Pharmacogenetics of Drug Response: Polymorphisms in Drug Receptors, Ion Channels, and Other Drug Targets during Growth and Development

Receptors are the targets for drugs and endogenous transmitters owing to their inherent molecular recognition sites. Drugs and transmitters bind to the receptor to produce a pharmacologic effect. Variability in the receptor protein or the ion channel can determine the magnitude of the pharmacologic response. For example, polymorphisms of the β₂-adrenergic receptor gene (ADRB2) have been associated with variable responses to bronchodilator drugs.

Drug responses are seldom monogenic events because multiple genes are involved in drug binding to the pharmacologic target and in the subsequent downstream signal transduction events that ultimately collectively manifest as a therapeutic effect.
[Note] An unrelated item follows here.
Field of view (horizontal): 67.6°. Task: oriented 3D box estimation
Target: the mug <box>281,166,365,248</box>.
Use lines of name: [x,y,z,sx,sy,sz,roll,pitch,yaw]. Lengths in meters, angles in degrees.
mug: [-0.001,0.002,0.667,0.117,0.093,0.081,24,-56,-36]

Although genotypes at a particular locus can show a statistically significant effect on the outcome of interest, they might account for only a relatively small amount of the overall population variability for that outcome. For example, a particular group of SNPs in the corticotropin-releasing hormone receptor 1 (CRHR1) gene is associated with a statistically significant improvement in forced expiratory volume in 1 second (FEV₁), but accounts for only 6% of the overall variability in response to inhaled corticosteroids (Chapter 138). A series of subsequent studies has determined that allelic variation in several genes in the steroid pathway contributes to overall response to this form of therapy.
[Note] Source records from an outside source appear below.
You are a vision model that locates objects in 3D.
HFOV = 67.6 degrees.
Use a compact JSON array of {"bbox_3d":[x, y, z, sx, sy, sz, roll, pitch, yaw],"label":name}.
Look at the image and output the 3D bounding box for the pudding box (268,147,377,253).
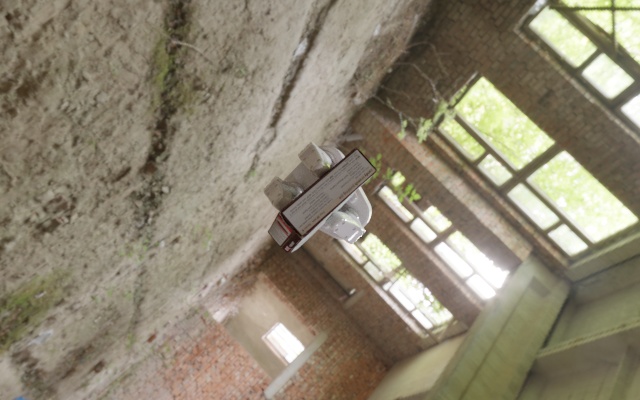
[{"bbox_3d":[0.000,0.002,0.513,0.113,0.039,0.090,-43,-3,-20],"label":"pudding box"}]
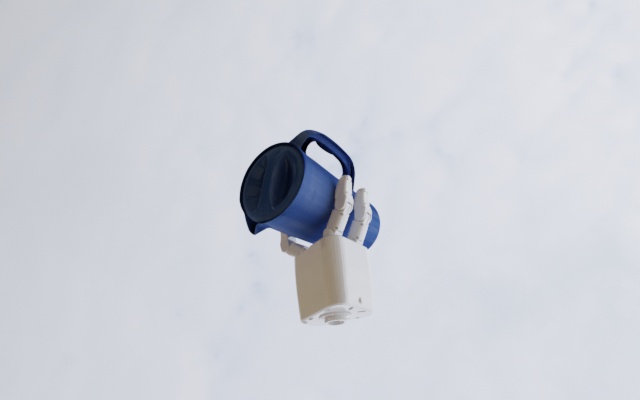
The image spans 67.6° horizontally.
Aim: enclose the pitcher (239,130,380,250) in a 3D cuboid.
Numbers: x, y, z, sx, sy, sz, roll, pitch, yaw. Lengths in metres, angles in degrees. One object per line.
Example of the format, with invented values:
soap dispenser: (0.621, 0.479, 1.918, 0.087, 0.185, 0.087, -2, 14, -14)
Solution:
pitcher: (0.000, 0.003, 0.796, 0.149, 0.145, 0.243, -26, -36, 29)

The listing and classification of receptors is a major initiative of the International Union of Pharmacology (IUPHAR). The list of receptors and voltage-gated ion channels is available on the IUPHAR website (http://www.iuphar-db.org). The effect of growth and development on the activities and binding affinities of these receptors, effectors, and ion channels has been studied in animals to some extent, but it remains to be elucidated in humans.
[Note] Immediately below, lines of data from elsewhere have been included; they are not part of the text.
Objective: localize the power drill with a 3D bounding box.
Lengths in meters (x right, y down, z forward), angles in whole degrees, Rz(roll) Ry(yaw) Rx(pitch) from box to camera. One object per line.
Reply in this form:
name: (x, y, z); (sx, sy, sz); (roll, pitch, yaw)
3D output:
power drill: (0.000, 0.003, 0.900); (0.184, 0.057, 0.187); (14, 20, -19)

Applications for Pharmacogenetics and Pharmacogenomics in Pediatrics

Progress being made in the treatment of ALL provides an outstanding example of how the application of pharmacogenomic principles can improve pediatric drug therapy (Chapter 489). Despite improved understanding of the genetic determinants of drug response, however, many complexities remain to be resolved. Patients with ALL who have 1 wild-type allele and intermediate TPMT activity tend to have a better response to 6MP therapy than patients with 2 wild-type alleles and full activity. Reduced TPMT activity also places patients at risk for irradiation-induced secondary brain tumors and etoposide-induced acute myeloid leukemias. Pharmacogenetic polymorphisms of several additional genes also have the potential to influence successful treatment of ALL. Multiple genetic and treatment-related factors interact to create patient subgroups with varying degrees of risk, and these represent an opportunity for pharmacogenomic approaches to identify subgroups of patients who will benefit from specific treatment regimens and those who will be at risk for short- and long-term toxicities (Fig. 56-6).